Tenant members threw the inverse argument at landlords, highlighting that the drop in landlords’ profits was just the fourth decline they’ve experienced in 26 years.

“If we’re voting on rent increases because [net operating income] fell, when [net operating income] was rising why didn’t we roll back the rents and make sure tenants could afford their apartments?” Garcia asked during testimony.

Garcia, who delivered her testimony seated alongside tenants holding signs, added that many renters are still recovering from the financial impact of the pandemic and can’t shoulder even a minimal rent increase.

A white paper released Wednesday by The Met Council on Housing, a tenants’ rights group, suggested the average renters’ income has declined since the pandemic began.
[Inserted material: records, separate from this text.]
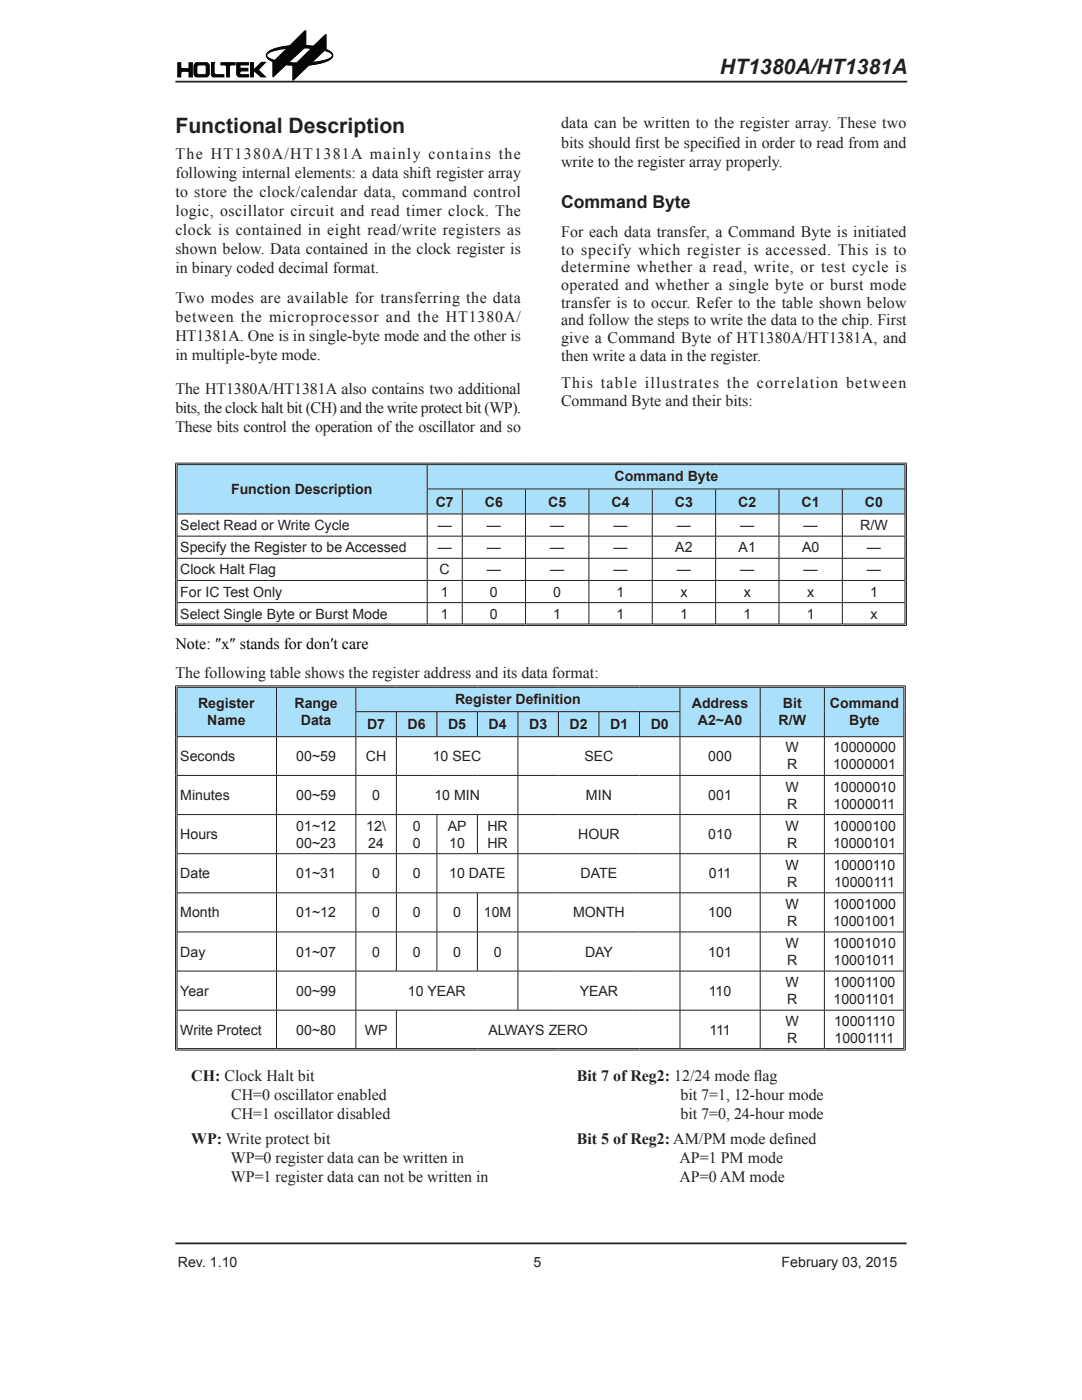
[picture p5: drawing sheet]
<svg xmlns="http://www.w3.org/2000/svg" width="216mm" height="279mm" viewBox="0 0 216 279" stroke-linecap="round" stroke-linejoin="round" font-family="sans-serif">
<defs><g id="words">
<g font-size="4.2" fill="#231f20">
<text x="143.6" y="14.7">HT1380A/HT1381A</text>
<text x="35" y="26.6">Functional Description</text>
</g>
<text font-size="3.5" fill="#231f20" x="112" y="41.5">Command Byte</text>
<g font-size="3.2" fill="#231f20">
<text x="112" y="25.6">data can be written to the register array. These two</text>
<text x="112" y="29.4">bits should f</text>
<text x="126.8" y="29.4">irst be specif</text>
<text x="143" y="29.4">ied in order to read from and</text>
<text x="35" y="31.7">The HT1380A/HT1381A mainly contains the</text>
<text x="35" y="35.5">following internal elements: a data shift register array</text>
<text x="112" y="33.3">write to the register array properly.</text>
<text x="35" y="39.3">to store the clock/calendar data, command control</text>
<text x="35" y="43.1">logic, oscillator circuit and read timer clock. The</text>
<text x="35" y="47">clock is contained in eight read/write registers as</text>
<text x="112" y="47.3">For each data transfer, a Command Byte is initiated</text>
<text x="35" y="50.8">shown below. Data contained in the clock register is</text>
<text x="112" y="50.8">to specify which register is accessed. This is to</text>
<text x="35" y="54.6">in binary coded decimal format.</text>
<text x="112" y="54.4">determine whether a read, write, or test cycle is</text>
<text x="112" y="57.9">operated and whether a single byte or burst mode</text>
<text x="35" y="60.4">Two modes are available for transferring the data</text>
<text x="35" y="64.2">between the microprocessor and the HT1380A/</text>
<text x="112" y="61.4">transfer is to occur. Refer to the table shown below</text>
<text x="112" y="64.9">and follow the steps to write the data to the chip. First</text>
<text x="35" y="68">HT1381A. One is in single-byte mode and the other is</text>
<text x="35" y="71.8">in multiple-byte mode.</text>
<text x="112" y="68.5">give a Command Byte of HT1380A/HT1381A, and</text>
<text x="112" y="72">then write a data in the register.</text>
<text x="112" y="77.5">This table illustrates the correlation between</text>
<text x="35" y="78.6">The HT1380A/HT1381A also contains two additional</text>
<text x="35" y="82.4">bits, the clock halt bit (CH) and the write protect bit (WP).</text>
<text x="112" y="81.1">Command Byte and their bits:</text>
<text x="35" y="86.2">These bits control the operation of the oscillator and so</text>
<text x="35" y="135.3">The following table shows the register address and its data format:</text>
<text x="38.2" y="215.8">CH: Clock Halt bit</text>
<text x="115.1" y="215.8">Bit 7 of Reg2: 12/24 mode f</text>
<text x="150.4" y="215.8">lag</text>
<text x="46.1" y="219.6">CH=0 oscillator enabled</text>
<text x="135.8" y="219.6">bit 7=1, 12-hour mode</text>
<text x="46.1" y="223.4">CH=1 oscillator disabled</text>
<text x="135.8" y="223.4">bit 7=0, 24-hour mode</text>
<text x="38.2" y="228.2">WP: Write protect bit</text>
<text x="46.1" y="232">WP=0 register data can be written in</text>
<text x="115.1" y="228.2">Bit 5 of Reg2: AM/PM mode def</text>
<text x="135.6" y="232">AP=1 PM mode</text>
<text x="156.6" y="228.2">ined</text>
<text x="46.1" y="235.8">WP=1 register data can not be written in</text>
<text x="135.6" y="235.8">AP=0 AM mode</text>
</g>
<text font-size="3.2" fill="#030303" x="35" y="129.5">Note: ″x″ stands for don′t care</text>
<g font-size="2.8" fill="#231f20">
<text x="46.1" y="98.6">Function Description</text>
<text x="86.9" y="101.1">C7</text>
<text x="96.7" y="101.1">C6</text>
<text x="109.4" y="101.1">C5</text>
<text x="122" y="101.1">C4</text>
<text x="122.6" y="96.1">Command Byte</text>
<text x="134.7" y="101.1">C3</text>
<text x="147.3" y="101.1">C2</text>
<text x="160" y="101.1">C1</text>
<text x="172.6" y="101.1">C0</text>
<text x="36" y="105.8">Select Read or Write Cycle</text>
<text x="87.3" y="105.8">—</text>
<text x="97.1" y="105.8">—</text>
<text x="109.8" y="105.8">—</text>
<text x="122.4" y="105.8">—</text>
<text x="135.1" y="105.8">—</text>
<text x="147.7" y="105.8">—</text>
<text x="160.3" y="105.8">—</text>
<text x="171.7" y="105.8">R/W</text>
<text x="36" y="110.2">Specify the Register to be Accessed</text>
<text x="87.3" y="110.2">—</text>
<text x="97.1" y="110.2">—</text>
<text x="109.8" y="110.2">—</text>
<text x="122.4" y="110.2">—</text>
<text x="134.7" y="110.2">A2</text>
<text x="147.4" y="110.2">A1</text>
<text x="160" y="110.2">A0</text>
<text x="173" y="110.2">—</text>
<text x="36" y="114.6">Clock Halt Flag</text>
<text x="36" y="119.1">For IC Test Only</text>
<text x="87.7" y="114.6">C</text>
<text x="88" y="119.1">1</text>
<text x="97.1" y="114.6">—</text>
<text x="97.8" y="119.1">0</text>
<text x="109.8" y="114.6">—</text>
<text x="110.4" y="119.1">0</text>
<text x="122.4" y="114.6">—</text>
<text x="123" y="119.1">1</text>
<text x="135.1" y="114.6">—</text>
<text x="135.8" y="119.1">x</text>
<text x="147.7" y="114.6">—</text>
<text x="148.4" y="119.1">x</text>
<text x="160.3" y="114.6">—</text>
<text x="161.1" y="119.1">x</text>
<text x="173" y="114.6">—</text>
<text x="173.6" y="119.1">1</text>
<text x="36" y="123.5">Select Single Byte or Burst Mode</text>
<text x="88" y="123.5">1</text>
<text x="97.8" y="123.5">0</text>
<text x="110.4" y="123.5">1</text>
<text x="123" y="123.5">1</text>
<text x="135.7" y="123.5">1</text>
<text x="148.3" y="123.5">1</text>
<text x="161" y="123.5">1</text>
<text x="173.7" y="123.5">x</text>
<text x="39.5" y="141.3">Register</text>
<text x="58.8" y="141.3">Range</text>
<text x="90.8" y="140.5">Register Def</text>
<text x="106.5" y="140.5">inition</text>
<text x="138" y="141.3">Address</text>
<text x="156.2" y="141.3">Bit</text>
<text x="165.6" y="141.3">Command</text>
<text x="41.3" y="144.7">Name</text>
<text x="60" y="144.7">Data</text>
<text x="73.2" y="145.5">D7</text>
<text x="81.3" y="145.5">D6</text>
<text x="89.4" y="145.5">D5</text>
<text x="97.5" y="145.5">D4</text>
<text x="105.6" y="145.5">D3</text>
<text x="113.7" y="145.5">D2</text>
<text x="121.8" y="145.5">D1</text>
<text x="129.8" y="145.5">D0</text>
<text x="139.3" y="144.7">A2~A0</text>
<text x="155.4" y="144.7">R/W</text>
<text x="169.4" y="144.7">Byte</text>
<text x="36" y="151.9">Seconds</text>
<text x="59.1" y="151.9">00~59</text>
<text x="73" y="151.9">CH</text>
<text x="86.4" y="151.9">10 SEC</text>
<text x="116.6" y="151.9">SEC</text>
<text x="141.3" y="151.9">000</text>
<text x="156.8" y="150.2">W</text>
<text x="157.1" y="153.6">R</text>
<text x="166.2" y="150.2">10000000</text>
<text x="166.2" y="153.6">10000001</text>
<text x="36" y="159.7">Minutes</text>
<text x="59.1" y="159.7">00~59</text>
<text x="74.3" y="159.7">0</text>
<text x="86.7" y="159.7">10 MIN</text>
<text x="116.9" y="159.7">MIN</text>
<text x="141.3" y="159.7">001</text>
<text x="156.8" y="158">W</text>
<text x="157.1" y="161.4">R</text>
<text x="166.2" y="158">10000010</text>
<text x="166.3" y="161.4">10000011</text>
<text x="36" y="167.5">Hours</text>
<text x="59.1" y="165.8">01~12</text>
<text x="73.1" y="165.8">12\</text>
<text x="82.3" y="165.8">0</text>
<text x="89.4" y="165.8">AP</text>
<text x="97.3" y="165.8">HR</text>
<text x="115.4" y="167.5">HOUR</text>
<text x="141.3" y="167.5">010</text>
<text x="156.8" y="165.8">W</text>
<text x="166.2" y="165.8">10000100</text>
<text x="59.1" y="169.2">00~23</text>
<text x="73.5" y="169.2">24</text>
<text x="82.3" y="169.2">0</text>
<text x="89.6" y="169.2">10</text>
<text x="97.3" y="169.2">HR</text>
<text x="156.8" y="173.6">W</text>
<text x="157.1" y="169.2">R</text>
<text x="166.2" y="169.2">10000101</text>
<text x="166.3" y="173.6">10000110</text>
<text x="36" y="175.3">Date</text>
<text x="59.1" y="175.3">01~31</text>
<text x="74.3" y="175.3">0</text>
<text x="82.3" y="175.3">0</text>
<text x="89.6" y="175.3">10 DATE</text>
<text x="115.9" y="175.3">DATE</text>
<text x="141.4" y="175.3">011</text>
<text x="157.1" y="177">R</text>
<text x="166.4" y="177">10000111</text>
<text x="36" y="183.1">Month</text>
<text x="59.1" y="183.1">01~12</text>
<text x="74.3" y="183.1">0</text>
<text x="82.3" y="183.1">0</text>
<text x="90.4" y="183.1">0</text>
<text x="96.6" y="183.1">10M</text>
<text x="114.3" y="183.1">MONTH</text>
<text x="141.3" y="183.1">100</text>
<text x="156.8" y="181.4">W</text>
<text x="157.1" y="184.8">R</text>
<text x="166.2" y="181.4">10001000</text>
<text x="166.2" y="184.8">10001001</text>
<text x="36" y="190.9">Day</text>
<text x="59.1" y="190.9">01~07</text>
<text x="74.3" y="190.9">0</text>
<text x="82.3" y="190.9">0</text>
<text x="90.4" y="190.9">0</text>
<text x="98.5" y="190.9">0</text>
<text x="116.7" y="190.9">DAY</text>
<text x="141.3" y="190.9">101</text>
<text x="156.8" y="189.2">W</text>
<text x="166.2" y="189.2">10001010</text>
<text x="156.8" y="197">W</text>
<text x="157.1" y="192.6">R</text>
<text x="166.3" y="192.6">10001011</text>
<text x="166.3" y="197">10001100</text>
<text x="36" y="198.7">Year</text>
<text x="59.1" y="198.7">00~99</text>
<text x="81.4" y="198.7">10 YEAR</text>
<text x="115.7" y="198.7">YEAR</text>
<text x="141.4" y="198.7">110</text>
<text x="157.1" y="200.4">R</text>
<text x="166.3" y="200.4">10001101</text>
<text x="36" y="206.5">Write Protect</text>
<text x="59.1" y="206.5">00~80</text>
<text x="72.8" y="206.5">WP</text>
<text x="97.5" y="206.5">ALWAYS ZERO</text>
<text x="141.5" y="206.5">111</text>
<text x="156.8" y="204.8">W</text>
<text x="157.1" y="208.2">R</text>
<text x="166.4" y="204.8">10001110</text>
<text x="166.5" y="208.2">10001111</text>
<text x="35.5" y="252.9">Rev. 1.10</text>
<text x="106.5" y="252.9">5</text>
<text x="156" y="252.9">February 03, 2015</text>
</g>
</g></defs>
<path d="M35 16.3h146M35 248.1h145.9" fill="none" stroke="#231f20" stroke-width=".35"/>
<path d="M53.4 10.6l1-.6 1.9-.6 1.5-.2 3-3h.2v2.9l.3 .1h1.2l2.4-2.3h.2v3l1.1 .7 .2 .4-.1 .3a5.4 5.4 0 0 1-3.8 1.5l-.9 .2-3.1 3-.1-3-1.3-.1-2.6 2.4-.1-3.1-.8-.4-.3-.4-.1-.4z" fill="#030303"/>
<path d="M53.5 10.5l.9-.5 1.9-.6 1.5-.2 3-3h.2v2.9l.3 .1h1.2l2.4-2.3h.2v3l1.1 .7 .2 .4-.1 .3a5.4 5.4 0 0 1-3.8 1.5l-.9 .2-3.1 3-.1-3-1.3-.1-2.6 2.4-.1-3.1-.8-.4-.3-.4-.1-.4z" fill="none" stroke="#030303" stroke-width=".2"/>
<path d="M53.5 10.4a13.1 13.1 0 0 1 7.5-1.3l1.1 .1a6.3 6.3 0 0 1 4.2 1.5 1.03 1.03 0 0 1-.8 1.4 17.1 17.1 0 0 1-11.5 0 1.03 1.03 0 0 1-.8-1.4z" fill-rule="evenodd" fill="#030303"/>
<path d="M53.5 10.4a13.1 13.1 0 0 1 7.5-1.3l1.1 .1a6.3 6.3 0 0 1 4.2 1.5 1.03 1.03 0 0 1-.8 1.4 17.1 17.1 0 0 1-11.5 0 1.03 1.03 0 0 1-.8-1.4z" fill="none" stroke="#030303" stroke-width=".2"/>
<path d="M53.3 10.8a7.4 7.4 0 0 1 4.2-1.2 18.9 18.9 0 0 1 8.4 .9l.4 .6a1.77 1.77 0 0 1-1.5 .9 22.8 22.8 0 0 1-10.7-.2l-.8-.5-.1-.2z" fill-rule="evenodd" fill="#fff"/>
<path d="M53.3 10.8a7.4 7.4 0 0 1 4.2-1.2 18.9 18.9 0 0 1 8.4 .9l.4 .6a1.77 1.77 0 0 1-1.5 .9 22.8 22.8 0 0 1-10.7-.2l-.8-.5-.1-.2z" fill="none" stroke="#030303" stroke-width=".2"/>
<path d="M54.8 12.1l2.6-2.6h3.4l-3.3 3.1z" fill-rule="evenodd" fill="#030303"/>
<path d="M54.8 12.1l2.6-2.6h3.4l-3.3 3.1z" fill="none" stroke="#030303" stroke-width=".2"/>
<path d="M59.1 12.7l3.3-3.3 2.5 .5-3 2.8z" fill-rule="evenodd" fill="#030303"/>
<path d="M59.1 12.7l3.3-3.3 2.5 .5-3 2.8z" fill="none" stroke="#030303" stroke-width=".2"/>
<path d="M50 12.5h.6v1.3h.1l1.5-1.4h.8l-1.5 1.5 1.5 1.5h-.9l-1.5-1.4v1.4h-.6z" fill-rule="evenodd" fill="#030303"/>
<path d="M50 12.5h.6v1.3h.1l1.5-1.4h.8l-1.5 1.5 1.5 1.5h-.9l-1.5-1.4v1.4h-.6z" fill="none" stroke="#030303" stroke-width=".2"/>
<path d="M35.5 12.5h.6v1l.2 .2h1.4v-1.2h.7v2.9h-.7v-1.2h-1.4l-.2 .3v.9h-.6z" fill-rule="evenodd" fill="#030303"/>
<path d="M35.5 12.5h.6v1l.2 .2h1.4v-1.2h.7v2.9h-.7v-1.2h-1.4l-.2 .3v.9h-.6z" fill="none" stroke="#030303" stroke-width=".2"/>
<path d="M39 12.6l2.3-.1 .3 .2 .2 .3v1.8l-.3 .5-2.4 .1-.3-.3-.1-.3v-1.8z" fill-rule="evenodd" fill="#030303"/>
<path d="M39 12.6l2.3-.1 .3 .2 .2 .3v1.8l-.3 .5-2.4 .1-.3-.3-.1-.3v-1.8z" fill="none" stroke="#030303" stroke-width=".2"/>
<path d="M39.5 13h1.4l.2 .2v1.5l-.2 .2h-1.4l-.2-.2v-1.4z" fill-rule="evenodd" fill="#fff"/>
<path d="M39.5 13h1.4l.2 .2v1.5l-.2 .2h-1.4l-.2-.2v-1.4z" fill="none" stroke="#030303" stroke-width=".2"/>
<path d="M42.2 12.5h.6l-.1 2.1 .3 .3h1.7v.5h-2.2l-.3-.3z" fill-rule="evenodd" fill="#030303"/>
<path d="M42.2 12.5h.6l-.1 2.1 .3 .3h1.7v.5h-2.2l-.3-.3z" fill="none" stroke="#030303" stroke-width=".2"/>
<path d="M44.1 12.5h2.8v.5h-.9l-.2 .2v2.2h-.6v-2.2l-.3-.2h-.8z" fill-rule="evenodd" fill="#030303"/>
<path d="M44.1 12.5h2.8v.5h-.9l-.2 .2v2.2h-.6v-2.2l-.3-.2h-.8z" fill="none" stroke="#030303" stroke-width=".2"/>
<path d="M47.2 12.5h2.4v.5h-1.6l-.2 .3 .2 .3h1.5v.6h-1.5l-.2 .5 .2 .2h1.6v.5h-1.9l-.3-.3-.2-.3z" fill-rule="evenodd" fill="#030303"/>
<path d="M47.2 12.5h2.4v.5h-1.6l-.2 .3 .2 .3h1.5v.6h-1.5l-.2 .5 .2 .2h1.6v.5h-1.9l-.3-.3-.2-.3z" fill="none" stroke="#030303" stroke-width=".2"/>
<path d="M35.2 92.6h50.1v10h-50.1zM85.3 92.6h95.4v5h-95.4zM85.3 97.6h6.9v5h-6.9zM92.2 97.6h12.7v5h-12.7zM104.9 97.6h12.6v5h-12.6zM117.5 97.6h12.7v5h-12.7zM130.2 97.6h12.6v5h-12.6zM142.8 97.6h12.6v5h-12.6zM155.4 97.6h12.7v5h-12.7zM168.1 97.6h12.6v5h-12.6z" fill="#aae0f9"/>
<path d="M35 92.6h145.9M35.2 92.8v31.7M180.7 92.8v31.7M35 124.7h145.9" fill="none" stroke="#fff" stroke-width=".35"/>
<g fill="none" stroke="#231f20" stroke-width=".2">
<path d="M35 92.5h145.9v32.3h-145.9zM85.2 97.6h95.3M85.2 92.8v4.7M85.2 97.6v4.9M92.2 97.6v4.9M104.9 97.6v4.9M117.5 97.6v4.9M130.2 97.6v4.9M142.8 97.6v4.9M155.4 97.6v4.9M168.1 97.6v4.9M35.4 107h145.1"/>
<path d="M35.4 111.4h145.1M35.4 115.8h145.1M35.4 102.6h145.1M85.2 102.6v4.4M85.2 107v4.4M85.2 111.5v4.3M85.2 115.9v4.3M92.2 102.6v4.4M92.2 107v4.4M92.2 111.5v4.3M92.2 115.9v4.3M104.9 102.6v4.4"/>
<path d="M104.9 107v4.4M104.9 111.5v4.3M104.9 115.9v4.3M117.5 102.6v4.4M117.5 107v4.4M117.5 111.5v4.3M117.5 115.9v4.3M130.2 102.6v4.4M130.2 107v4.4M130.2 111.5v4.3M130.2 115.9v4.3M142.8 102.6v4.4"/>
<path d="M142.8 107v4.4M142.8 111.5v4.3M142.8 115.9v4.3M155.4 102.6v4.4M155.4 107v4.4M155.4 111.5v4.3M155.4 115.9v4.3M168.1 102.6v4.4M168.1 107v4.4M168.1 111.5v4.3M168.1 115.9v4.3M35.3 124.5h145.3"/>
<path d="M35.3 124.5v-31.7l145.3-.1v31.8M35.4 120.3h145.1M85.2 120.3v4.2M92.2 120.3v4.2M104.9 120.3v4.2M117.5 120.3v4.2M130.2 120.3v4.2M142.8 120.3v4.2M155.4 120.3v4.2M168.1 120.3v4.2"/>
</g>
<path d="M35.2 137h20v10h-20zM55.2 137h15.8v10h-15.8zM71 137h64.7v5h-64.7zM135.7 137h16v10h-16zM151.7 137h12.8v10h-12.8zM164.5 137h16v10h-16zM71 142h8.1v5h-8.1zM79.1 142h8.1v5h-8.1zM87.2 142h8.1v5h-8.1zM95.3 142h8v5h-8zM103.3 142h8.1v5h-8.1zM111.4 142h8.1v5h-8.1zM119.5 142h8.1v5h-8.1zM127.6 142h8.1v5h-8.1z" fill="#aae0f9"/>
<path d="M35 137h145.7M35.2 137.2v72M180.5 137.2v72M35 209.4h145.7" fill="none" stroke="#fff" stroke-width=".35"/>
<g fill="none" stroke="#231f20" stroke-width=".2">
<path d="M55.2 137.2v9.8M71 137.2v4.8M135.7 137.2v4.8M151.7 137.2v9.8M164.5 137.2v9.8M180.4 137.2v72M180.4 137.2h-145.1v72M180.6 136.9v72.6M180.7 136.9h-145.7v72.6M35.4 154.8h144.9M35.4 147h144.9M55.2 147.1v7.6"/>
<path d="M55.2 154.8v7.7M71 142h64.7M71 142.1v4.9M71 147.1v7.6M71 154.8v7.7M79.1 142.1v4.9M79.1 147.1v7.6M79.1 154.8v7.7M87.2 142.1v4.9M95.3 142.1v4.9M103.3 142.1v4.9M103.3 147.1v7.6"/>
<path d="M103.3 154.8v7.7M111.4 142.1v4.9M119.5 142.1v4.9M127.6 142.1v4.9M135.7 142.1v4.9M135.7 147.1v7.6M135.7 154.8v7.7M151.7 147.1v7.6M151.7 154.8v7.7M164.5 147.1v7.6M164.5 154.8v7.7M35.4 162.6h144.9"/>
<path d="M35.4 170.4h144.9M35.4 178.2h144.9M55.2 162.6v7.7M55.2 170.4v7.7M55.2 178.2v7.7M71 162.6v7.7M71 170.4v7.7M71 178.2v7.7M79.1 162.6v7.7M79.1 170.4v7.7M79.1 178.2v7.7M87.2 162.6v7.7"/>
<path d="M87.2 170.4v7.7M87.2 178.2v7.7M95.3 162.6v7.7M95.3 178.2v7.7M103.3 162.6v7.7M103.3 170.4v7.7M103.3 178.2v7.7M135.7 162.6v7.7M135.7 170.4v7.7M135.7 178.2v7.7M151.7 162.6v7.7M151.7 170.4v7.7"/>
<path d="M151.7 178.2v7.7M164.5 162.6v7.7M164.5 170.4v7.7M164.5 178.2v7.7M35.4 186h144.9M35.4 193.8h144.9M55.2 186v7.8M55.2 193.8v7.8M71 186v7.8M71 193.8v7.8M79.1 186v7.8M87.2 186v7.8"/>
<path d="M95.3 186v7.8M103.3 186v7.8M103.3 193.8v7.8M135.7 186v7.8M135.7 193.8v7.8M151.7 186v7.8M151.7 193.8v7.8M164.5 186v7.8M164.5 193.8v7.8M35 209.6h145.7M35.3 209.3h145.1M35.4 201.6h144.9"/>
<path d="M55.2 201.7v7.5M71 201.7v7.5M79.1 201.7v7.5M135.7 201.7v7.5M151.7 201.7v7.5M164.5 201.7v7.5"/>
</g>
<use href="#words"/>
</svg>

The report also estimated that tenants’ arrears have nearly doubled from $2.2 billion in the summer of 2020 to $4 billion now.

To offset those burdens, tenant members called for changes to fall between a 1 percent rollback and a 1 percent hike on one-year leases and between a rent freeze and a 1.5 percent increase for two-year leases, a motion that ultimately failed.

Moments before the board approved the preliminary hike, Garcia took a moment to broadcast the concerns voiced by the tenants in her room.

“People are suggesting that maybe when they get evicted they can come and live with some of the board members who are proposing these increases,” Garcia said. “Because that 2 percent [increase] at the minimum would be devastating to most of the folks in this room.”